# New A/B/C/D buttons on the Premiere remote in HME



## wmcbrine

I'm not talking about the QWERTY keys -- I haven't found out how or whether they're supported in HME yet (they don't seem to be in TiVo's own HME apps) -- but rather the multi-colored buttons in a row above the number pad on the Premiere's remote. The codes for these are forwarded to HME apps, but only from the Premiere (even though the Premiere's remote will work to control older TiVos, and vice versa).

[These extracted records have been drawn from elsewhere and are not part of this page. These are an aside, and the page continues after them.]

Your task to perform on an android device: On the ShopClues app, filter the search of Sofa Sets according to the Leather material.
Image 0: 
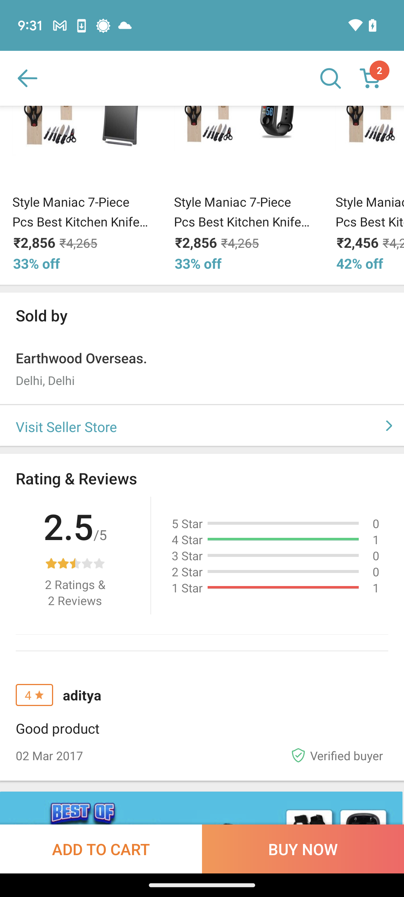
Go back.
Step 0: press back button
Image 1: 
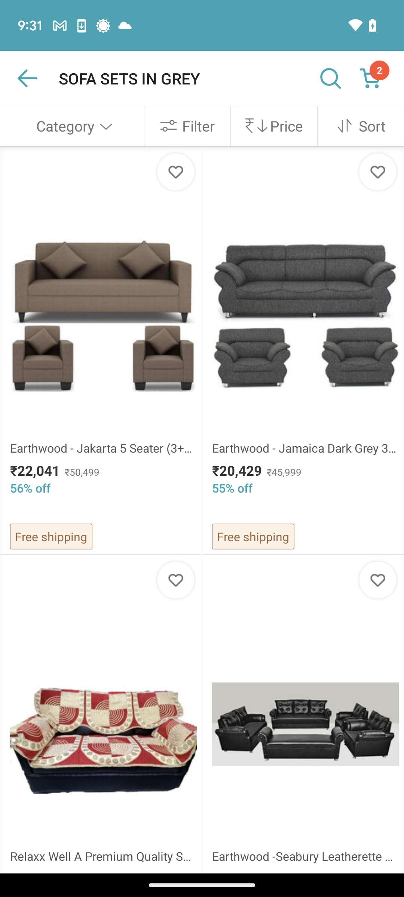
Click on the Filter icon at the top of the screen.
Step 1: click (187, 126)
Image 3: 
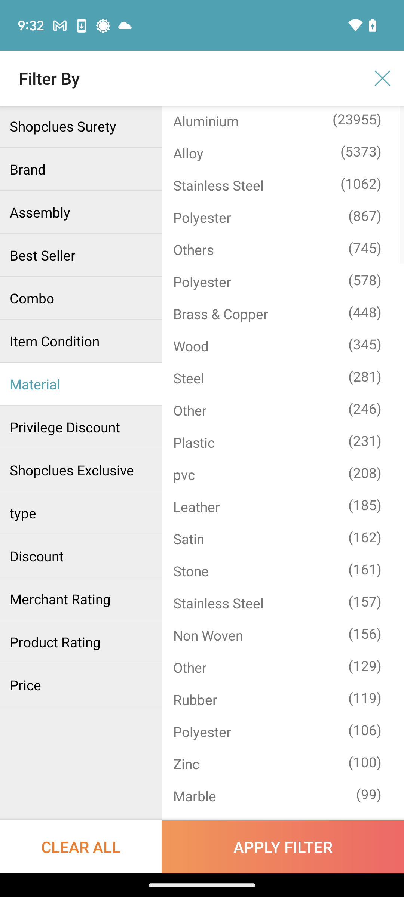
Select the leather material.
Step 3: click (282, 506)
Image 4: 
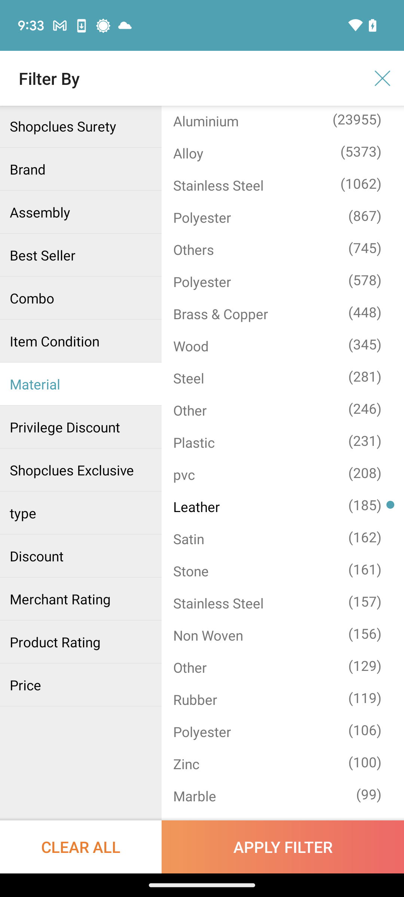
Click on APPLY FILTER at the bottom of the screen.
Step 4: click (283, 847)

Interestingly, the codes have already been given names, in the version of the HME protocol document that accompanied version 1.4.1 of the Java HME SDK, from 2007. But AFAIK, the Premiere is the first time they've actually been implemented (unless maybe the Comcast TiVo software has them?). They don't seem to be defined in the SDK code itself, either, although I had them in HME for Python, since it's based on the doc. 

KEY_OPT_A = 56
KEY_OPT_B = 57
KEY_OPT_C = 58
KEY_OPT_D = 59


----------



## Allanon

The Comcast remote does have A,B,C,D buttons plus it also has an On Demand button.


----------



## SNJpage1

I was hopeing that those buttons were learnable but the tivo live tech chat guy said they aren't. I wanted to program them for the different inputs on my receiver that I use as a switcher. That's the only thing missing from the Tivo remote that I use.


----------